I want to run the 18% gel so please tell me what should be the condition for that staring from running voltage upto transfer on membrane.
For isolation of protein from drosophila head for western for amyloid beta, which buffer is best?
Is there any suitable protocol for isolation of soluble and insoluble fraction of amyloid beta from drosophila head?
Dear Sandeep,
there are a few protocols out there for protein extraction. Have a look at the following for a start and do some more searches:
http://link.springer.com/content/pdf/10.1007%2F978-1-59745-257-1_27.pdf
The running and western conditions you need to use depend on what your set up is.
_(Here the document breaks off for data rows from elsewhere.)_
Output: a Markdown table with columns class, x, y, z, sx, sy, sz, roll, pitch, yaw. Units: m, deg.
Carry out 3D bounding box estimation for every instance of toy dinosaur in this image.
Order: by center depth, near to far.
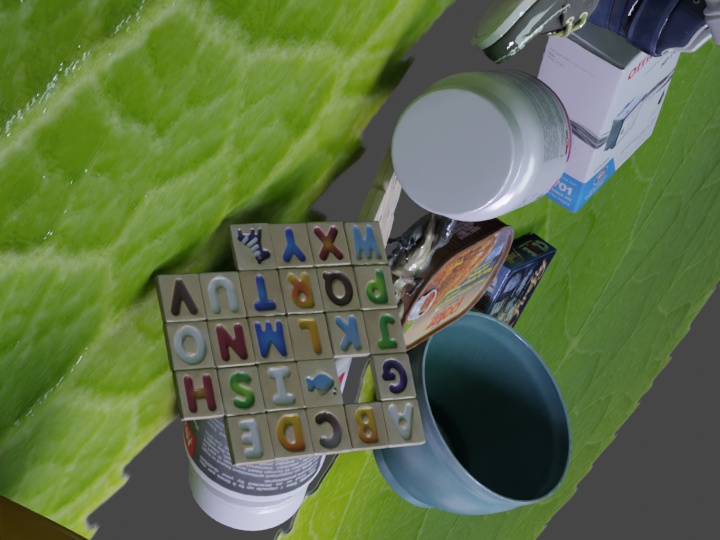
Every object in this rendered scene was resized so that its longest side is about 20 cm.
| class | x | y | z | sx | sy | sz | roll | pitch | yaw |
| --- | --- | --- | --- | --- | --- | --- | --- | --- | --- |
| toy dinosaur | 0.061 | -0.035 | 1.662 | 0.201 | 0.047 | 0.088 | -57 | 172 | 1 |

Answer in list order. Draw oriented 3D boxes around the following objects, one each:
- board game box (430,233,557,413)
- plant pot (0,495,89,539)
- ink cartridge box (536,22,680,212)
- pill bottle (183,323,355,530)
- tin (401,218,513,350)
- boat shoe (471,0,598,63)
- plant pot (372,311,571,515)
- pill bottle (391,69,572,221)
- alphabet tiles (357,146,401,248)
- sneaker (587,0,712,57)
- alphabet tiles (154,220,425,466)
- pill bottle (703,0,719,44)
| class | x | y | z | sx | sy | sz | roll | pitch | yaw |
| --- | --- | --- | --- | --- | --- | --- | --- | --- | --- |
| board game box | 0.127 | 0.062 | 2.020 | 0.135 | 0.034 | 0.201 | -21 | 142 | -61 |
| plant pot | -0.215 | 0.236 | 1.187 | 0.200 | 0.183 | 0.201 | -48 | 162 | -21 |
| ink cartridge box | 0.227 | -0.176 | 1.772 | 0.146 | 0.086 | 0.201 | -44 | 161 | -33 |
| pill bottle | -0.074 | 0.101 | 1.432 | 0.114 | 0.114 | 0.201 | -41 | 158 | -38 |
| tin | 0.080 | 0.008 | 1.796 | 0.200 | 0.042 | 0.113 | -27 | 143 | -56 |
| boat shoe | 0.164 | -0.224 | 1.505 | 0.202 | 0.060 | 0.072 | -47 | -161 | -30 |
| plant pot | 0.094 | 0.160 | 1.902 | 0.134 | 0.201 | 0.200 | -34 | 180 | 40 |
| pill bottle | 0.094 | -0.098 | 1.478 | 0.114 | 0.113 | 0.200 | -59 | 170 | 14 |
| alphabet tiles | 0.000 | 0.000 | 1.513 | 0.201 | 0.014 | 0.196 | 102 | 7 | -47 |
| sneaker | 0.274 | -0.280 | 1.611 | 0.203 | 0.146 | 0.077 | -61 | 160 | 14 |
| alphabet tiles | -0.049 | 0.047 | 1.321 | 0.199 | 0.169 | 0.008 | -2 | 165 | -38 |
| pill bottle | 0.287 | -0.288 | 1.511 | 0.110 | 0.202 | 0.111 | -21 | -169 | 4 |

Ie using mini gels, mode of transfer etc. I do not think that you need anything special so you can adopt a standard western procedure available on the net. Just make sure that the membrane size for transfer is correct for your protein size.
Cheers
about the western, probably you should use a tris-ticine gel, (a kind of "gradient" gel), wich is useful to separate small proteins, like a betta. I send to you a protocol with a brief explanation, also with the recipes, I think it is useful. you should start with 30 V until sample has enter stackin gel, and increase up to 120 V.
about the transference, because a betta is a small protein, you should use a transfer with methanol 20%, to allow transfer small proteins. and also try to make semidry transference.
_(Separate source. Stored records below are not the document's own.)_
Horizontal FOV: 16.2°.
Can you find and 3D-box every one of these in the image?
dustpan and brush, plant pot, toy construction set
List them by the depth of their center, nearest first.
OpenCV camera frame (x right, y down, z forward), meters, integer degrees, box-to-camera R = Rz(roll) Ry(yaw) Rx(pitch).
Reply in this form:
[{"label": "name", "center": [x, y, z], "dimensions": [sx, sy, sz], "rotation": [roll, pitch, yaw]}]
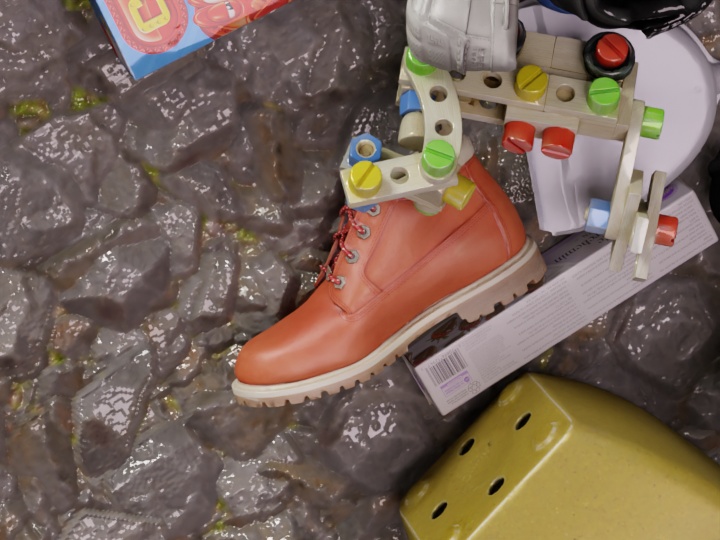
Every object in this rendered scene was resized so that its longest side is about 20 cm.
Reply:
[{"label": "toy construction set", "center": [0.092, -0.070, 1.410], "dimensions": [0.200, 0.092, 0.131], "rotation": [16, 67, -12]}, {"label": "dustpan and brush", "center": [0.187, -0.107, 1.496], "dimensions": [0.200, 0.057, 0.140], "rotation": [-11, 99, -5]}, {"label": "plant pot", "center": [0.138, 0.173, 1.501], "dimensions": [0.196, 0.194, 0.200], "rotation": [-46, 108, 3]}]

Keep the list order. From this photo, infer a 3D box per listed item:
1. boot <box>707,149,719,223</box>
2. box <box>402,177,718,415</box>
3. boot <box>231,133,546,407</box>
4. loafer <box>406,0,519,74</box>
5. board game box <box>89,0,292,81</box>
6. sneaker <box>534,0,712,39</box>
[{"label": "boot", "center": [0.255, 0.038, 1.473], "dimensions": [0.211, 0.079, 0.158], "rotation": [38, 77, 13]}, {"label": "box", "center": [0.118, 0.014, 1.518], "dimensions": [0.200, 0.039, 0.041], "rotation": [-33, 115, -3]}, {"label": "boot", "center": [0.000, 0.000, 1.467], "dimensions": [0.200, 0.075, 0.107], "rotation": [-31, 110, -13]}, {"label": "loafer", "center": [0.084, -0.194, 1.386], "dimensions": [0.070, 0.070, 0.200], "rotation": [16, 71, 11]}, {"label": "board game box", "center": [-0.082, -0.236, 1.369], "dimensions": [0.196, 0.056, 0.200], "rotation": [-28, 113, -6]}, {"label": "sneaker", "center": [0.190, -0.195, 1.419], "dimensions": [0.200, 0.111, 0.077], "rotation": [-26, 121, -14]}]

we run abetta from mammalian cell cultures, and those conditions worked very well.
best,
Thank you very much Dr. Aniko and Dr. Balmaceda for giving me such valuable suggestion. but one thing more i want to know which not directly related to western but protein isolation.
I had tried few buffers for the protein isolation from drosophila head but i am not satisfied. So please suggest me the suitable buffer used for protein isolation from drosophila head for the purpose of western for amyloid beta. please help me by providing complete recipe. thanks in advance.
Hi Sandeep,
You can try immuno-precipitation. I did western blots for amyloid from cell lysates and for detailed procedure look at the following paper.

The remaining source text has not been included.